• **Work instructions**
Beginning with the line containing "You are a GUI" and ending at the last line of the records, transcribe each line exactly. Do not include pictures.

• **Record excerpts**
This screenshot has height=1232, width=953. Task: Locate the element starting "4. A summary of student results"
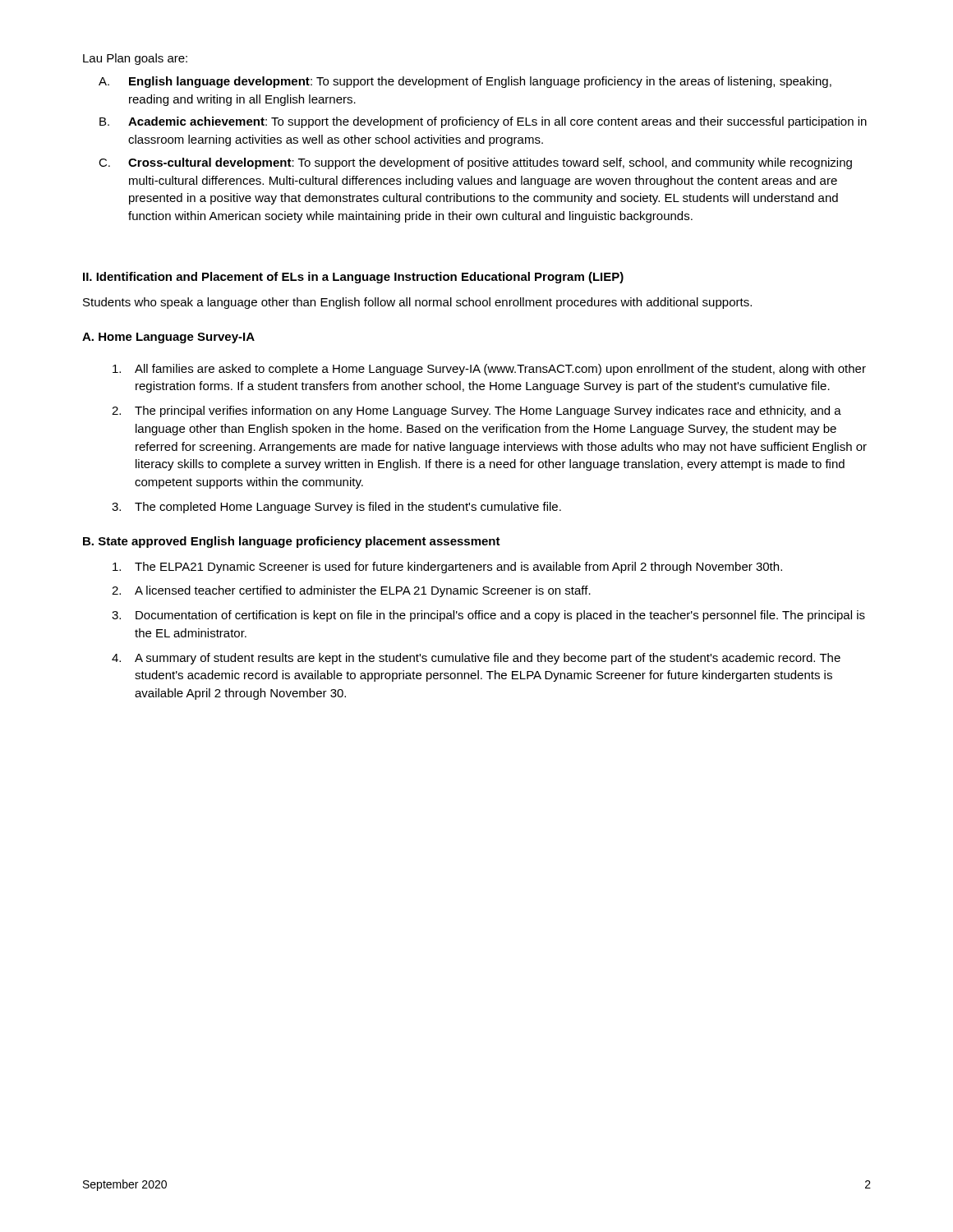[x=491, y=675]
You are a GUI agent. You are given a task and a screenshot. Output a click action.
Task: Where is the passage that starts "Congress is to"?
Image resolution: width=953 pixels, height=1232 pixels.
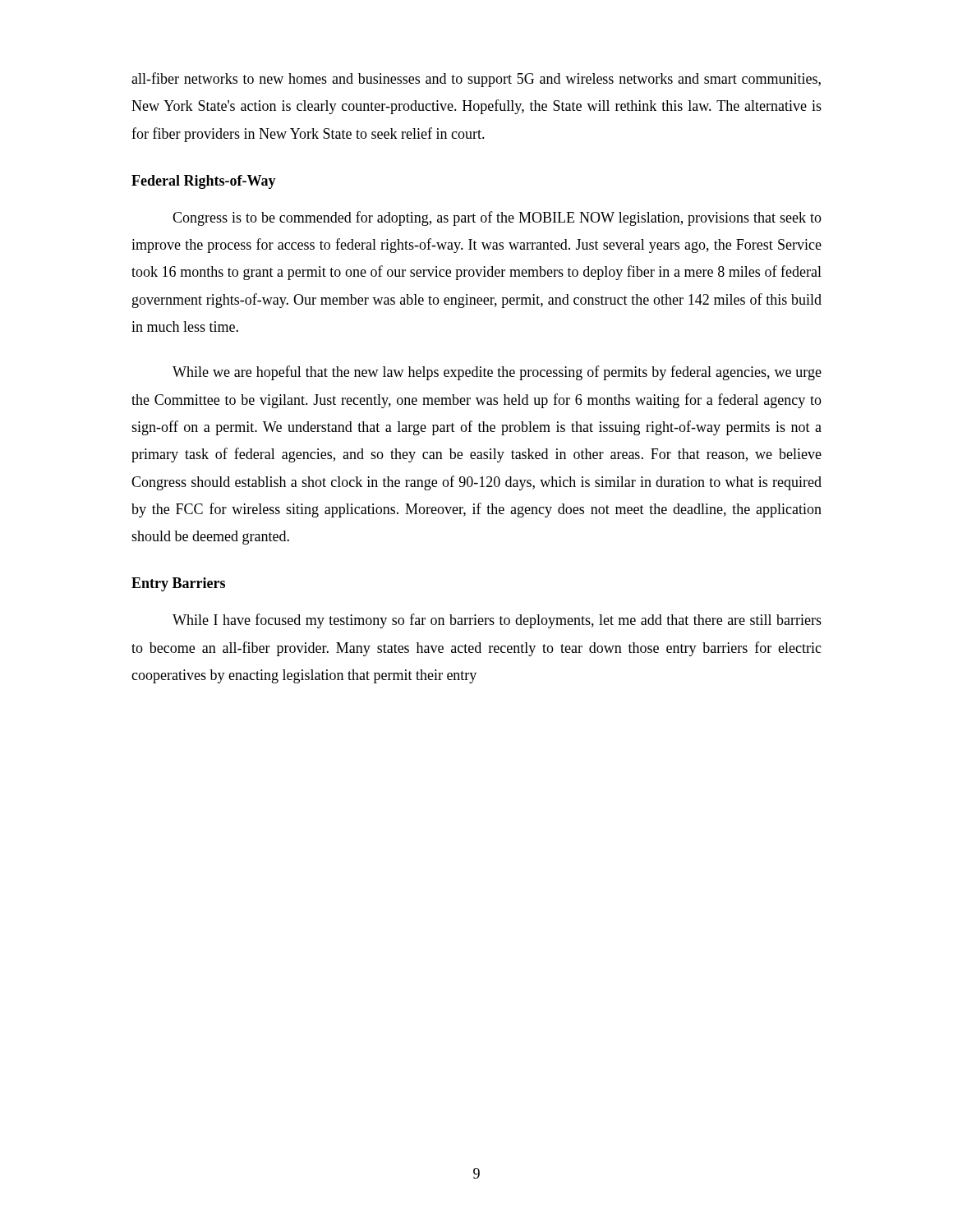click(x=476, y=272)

• **Task answer**
You are a GUI agent. You are given a task and a screenshot. Output a click action.
Task: Where is the passage that starts "Congress is to"?
Image resolution: width=953 pixels, height=1232 pixels.
click(x=476, y=272)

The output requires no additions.